Hope that helps. Good luck.

Mark

================================================
(Birger Wethne's response)

It could be that the root file system isn't at the same patch level
as the restored /usr. There could also be problems if the new and
old Box A are different hardware.

If the new Box A is the same kind of hardware, try the following
restore procedure:

- Boot machine from Solaris 2.x CD. Answer all questions until you get
  'system identification completed' or similar. Then break out of
suninstall.
- Mount Networker client software from a file server
- Partition/newfs disk
- Mount all partitions to be restored under /a (/ as /a, /usr as /a/usr,
etc)
- Run nwrecover. Select all partitions to be restored. Relocate restore to
/a
- Run installboot

This has worked perfectly for me. I have even restored SunOS 4.x systems
using the same method.
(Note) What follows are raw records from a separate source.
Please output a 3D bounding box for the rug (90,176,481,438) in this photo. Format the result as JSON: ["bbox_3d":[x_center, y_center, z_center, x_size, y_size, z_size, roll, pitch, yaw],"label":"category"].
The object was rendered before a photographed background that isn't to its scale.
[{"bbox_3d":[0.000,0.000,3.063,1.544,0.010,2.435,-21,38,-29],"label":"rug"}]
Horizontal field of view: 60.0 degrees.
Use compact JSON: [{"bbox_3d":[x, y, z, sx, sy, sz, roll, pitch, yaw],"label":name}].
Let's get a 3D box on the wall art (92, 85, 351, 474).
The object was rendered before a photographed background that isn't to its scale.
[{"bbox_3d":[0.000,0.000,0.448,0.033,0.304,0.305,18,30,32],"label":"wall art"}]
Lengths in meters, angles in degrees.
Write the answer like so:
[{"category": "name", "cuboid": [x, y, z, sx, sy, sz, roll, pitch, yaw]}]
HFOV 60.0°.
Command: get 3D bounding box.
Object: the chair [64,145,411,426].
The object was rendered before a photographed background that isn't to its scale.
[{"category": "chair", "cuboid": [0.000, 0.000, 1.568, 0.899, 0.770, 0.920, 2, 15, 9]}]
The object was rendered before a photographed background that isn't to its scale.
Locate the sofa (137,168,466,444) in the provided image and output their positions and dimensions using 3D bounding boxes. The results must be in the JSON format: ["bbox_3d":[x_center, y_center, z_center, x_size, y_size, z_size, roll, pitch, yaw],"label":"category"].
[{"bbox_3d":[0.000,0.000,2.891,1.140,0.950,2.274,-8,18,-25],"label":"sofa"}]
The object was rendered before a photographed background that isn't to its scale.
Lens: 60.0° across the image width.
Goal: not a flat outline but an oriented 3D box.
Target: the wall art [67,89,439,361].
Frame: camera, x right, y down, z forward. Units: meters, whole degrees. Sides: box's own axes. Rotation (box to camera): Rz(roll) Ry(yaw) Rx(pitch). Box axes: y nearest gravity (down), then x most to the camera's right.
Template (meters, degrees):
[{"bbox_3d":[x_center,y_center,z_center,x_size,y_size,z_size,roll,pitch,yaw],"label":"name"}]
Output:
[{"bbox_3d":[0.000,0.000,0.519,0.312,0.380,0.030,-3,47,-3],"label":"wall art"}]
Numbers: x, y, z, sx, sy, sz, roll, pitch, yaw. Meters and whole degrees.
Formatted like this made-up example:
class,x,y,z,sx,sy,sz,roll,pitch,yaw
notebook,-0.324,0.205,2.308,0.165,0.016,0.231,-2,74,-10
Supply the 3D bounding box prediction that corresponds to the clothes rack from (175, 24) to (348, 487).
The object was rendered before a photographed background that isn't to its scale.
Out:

When restoring a SunOS 4.x machine, use a Solaris
2.x
CD and this procedure, but run the 4.x installboot from the restored
disk as the last step.

With this method you are back to exactly the same / file system as well.
And you save a lot of time first installing the OS just to restore.

Birger

===================================================

MY ORIGINAL MESSAGE:

We're currently running Solstice Networker 4.2.6 on an Ultra-Enterprise
4000 with an external single DLT tape drive and an external DLT4700
jukebox. We have about 8 Sun (Solaris 2.4 - 2.5.1) clients backing up to
this machine. All backups work perfectly, 100% everytime. The problem
comes when restoring a system.

For instance, I get in a new machine (Sparc Server 5) and install Solaris
2.5.1 and the networker client onto it. I'll shut down the original "Box
A" machine, and make this new machine "Box A". I then go into nwrecover
and select "Box A" as the client, and last night's backup the time frame I
want for the files. I then select all relevant file systems, such as /usr,
/usr/openwin, /etc, /opt, etc. After the client has finished restoring all
files, I then type "reboot".

Now the problems start: First, when the system is shutting down, it stops
when it's saying "syslogd: terminating on signal 15" (or something similar)
- the system just hangs. I waited at least 10 minutes, no drive activity,
nothing. I attempt a Stop-A, that doesn't even respond. I power cycle
the machine. It comes up now with the following errors:

not found:pageout_reserve
not found:pageout_reserve
not found:po_share
not found:po_share
not found:po_share
krtld: error during initial load/link phase
Memory Address not Aligned
Type help for more information
ok

And that's it. I've tried mounting the /etc directory after booting from
cdrom into single user mode, I thought the vfstab file had been restore
from the old machine, but it was safe (and correct) - I also checked the
/etc/system file - nothing in there, at all (as it should be) so it's not
trying to load modules or metadevice information.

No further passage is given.